Video: The Ivory Tower and the Open Web

Here’s the video of my plenary talk “The Ivory Tower and the Open Web,” given at the Coalition for Networked Information meeting in Washington in December, 2010. A general description of the talk:

The web is now over twenty years old, and there is no doubt that the academy has taken advantage of its tremendous potential for disseminating resources and scholarship. But a full accounting of the academic approach to the web shows that compared to the innovative vernacular forms that have flourished over the past two decades, we have been relatively meek in our use of the medium, often preferring to impose traditional ivory tower genres on the web rather than import the open web’s most successful models. For instance, we would rather digitize the journal we know than explore how blogs and social media might supplement or change our scholarly research and communication. What might happen if we reversed that flow and more wholeheartedly embraced the genres of the open web?

I hope the audience for this blog finds it worthy viewing. I enjoyed talking about burrito websites, Layer Tennis, aggregation and curation services, blog networks, Aaron Sorkin’s touchiness, scholarly uses of Twitter, and many other high- and low-brow topics all in one hour. (For some details in the images I put up on the screen, you might want to follow along with this PDF of the slides.) I’ll be expanding on the ideas in this talk in an upcoming book with the same title.
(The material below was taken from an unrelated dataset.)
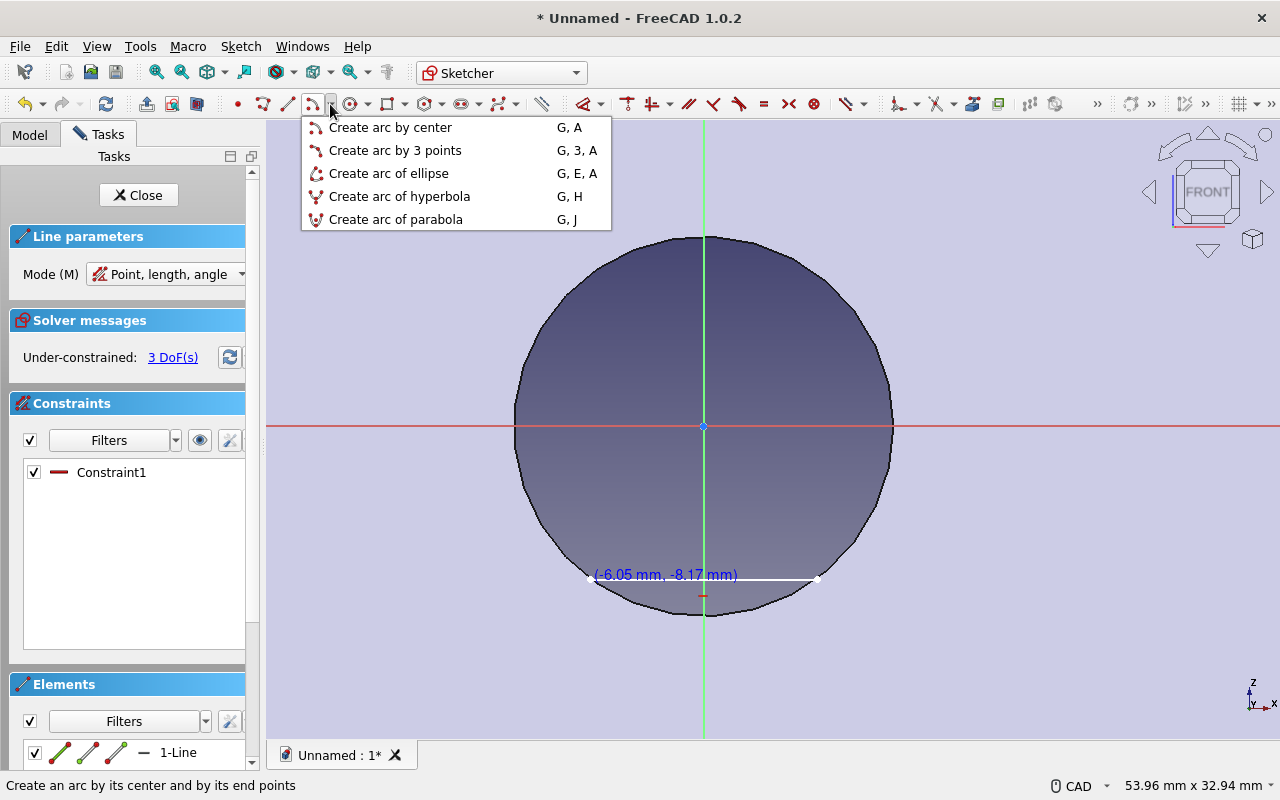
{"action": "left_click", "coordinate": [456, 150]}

[youtube=http://www.youtube.com/watch?v=yeNjiuw-6gQ&w=480&h=385]

Comments

[…] his most recent posting, “The Ivory Tower and Open Web”, historian and director of George Mason University’s Center for History and New Media (CHNM) […]

Shai Ophir says:

totally agree. The people in the academy are reluctant of adopting new methods, because it is a threat on their position. This has been always the case.
I believe that having all history materials online, via Google and alike, can change not only the way we do research, but also our actual knowledge. So far a researcher could know a limitetd number of books and journals, usually from the close social/academic circle. The discussion was closed. Now we may find that 90% of the historical material was a dark matter, not being accessible at all, forgotten. The e-Curpus will bring to our eyes ALL materials, and will ebale a real high-level global macro-history.
But we’ll have to develop many more tools for achieving this. One very simple example can be found in my article published in The Information Society (TIS) Vol 26.2, under the title “A new Tupe of Historical Knowledge”.
Shai Ophir

Shai Ophir says:

[PLS IGNORE MY TYPOS ON THE PREVIOUS POST]
totally agree. The people in the academy are reluctant of adopting new methods, because it is a threat on their position. This has been always the case.
I believe that having all history materials online, via Google and alike, can change not only the way we do research, but also our actual knowledge. So far a researcher could know a limitetd number of books and journals, usually from the close social/academic circle. The discussion was closed. Now we may find that 90% of the historical material was a dark matter, not being accessible at all, forgotten. The e-Corpus will bring to our eyes ALL materials, and will enable a real high-level global macro-history.
But we’ll have to develop many more tools for achieving this.
One very simple example can be found in my article published in The Information Society (TIS) Vol 26.2, under the title “A new Type of Historical Knowledge”.
Shai Ophir

Shelley says:

Great title! Although my work appears on the web, as a community college professor I have to say that any suggestion of more web influence in the classroom makes me uneasy. My students, some poorly socialized, need more, not fewer, face-to-face human interactions. Just a thought….

Jacob says:

Hey Dan,

Have you heard about this conference at MIT in April: BiblioNews: Common purpose for journalists and librarians

http://journalismthatmatters.org/biblionews/

This is the information page for “Beyond Books: News, Literacy, Democracy and America’s Libraries” (shortlink: “BiblioNews”) a one-and-one-half-day convening April 6-7, 2011 at MIT in Cambridge, Mass., for journalists, librarians and citizens. From the links below and along the black bar at the top of the page you can reach our wiki pages, find out who’s coming, and follow other resources below. We are meeting immediately prior to the National Conference for Media Reform, next door in Boston on April 8-10.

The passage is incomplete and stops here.